F(n) denotes the square root of average total residue in all boxes when box length is n, thus Total_Residue = sum_{k=1}^{N}{(y(k)-yn(k))} F(n) = sqrt(Total_Residue/N)
The computing to F(n) is carried out for every box length n. Therefore, a relationship between n and F(n) can be obtained. In general, F(n) increases when n increases.
Finally, the relationship between F(n) and n is analyzed. A least square fitting is performed between log(F(n)) and log(n). The slope of the fitting line is the DFA value, denoted as Alpha. To white noise, Alpha should be 0.5. Higher level of signal complexity is related to higher Alpha.

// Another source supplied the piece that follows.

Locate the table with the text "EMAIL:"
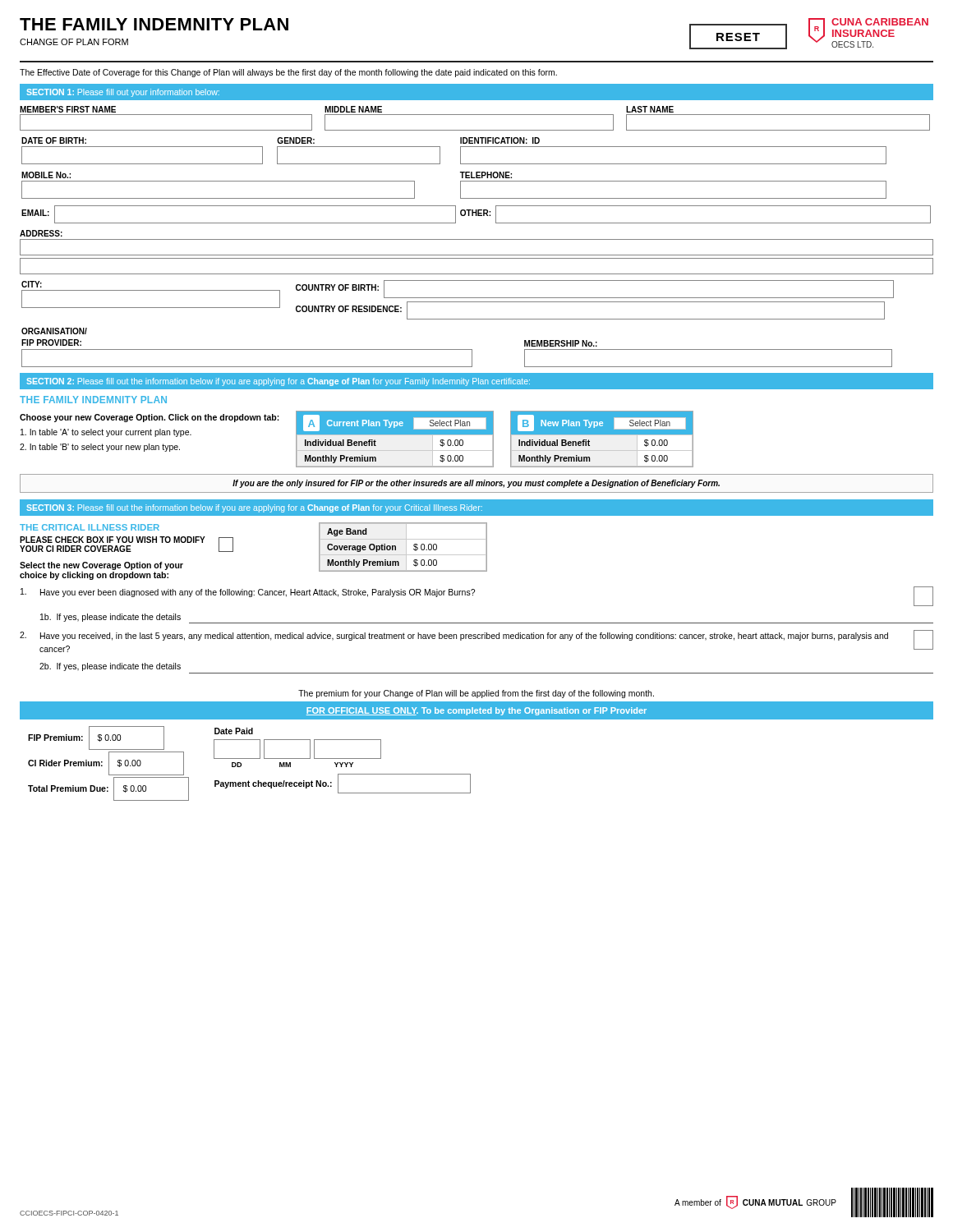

Parameters: - X – 1-D Python list or numpy array a time series
- Ave – integer, optional The average value of the time series
- L – 1-D Python list of integers A list of box size, integers in ascending order
Returns: integer the result of DFA analysis, thus the slope of fitting line of log(F(n)) vs. log(n). where n is the
Return type: Alpha
Examples
>>> import pyeeg >>> from numpy.random import randn >>> print pyeeg.dfa(randn(4096)) 0.490035110345
Peng C-K, Havlin S, Stanley HE, Goldberger AL. Quantification of scaling exponents and crossover phenomena in nonstationary heartbeat time series. _Chaos_ 1995;5:82-87
Notes
This value depends on the box sizes very much. When the input is a white noise, this value should be 0.5. But, some choices on box sizes can lead to the value lower or higher than 0.5, e.g. 0.38 or 0.58.
Based on many test, I set the box sizes from 1/5 of signal length to one (x-5)-th of the signal length, where x is the nearest power of 2 from the length of the signal, i.e., 1/16, 1/32, 1/64, 1/128, ...
You may generate a list of box sizes and pass in such a list as a parameter.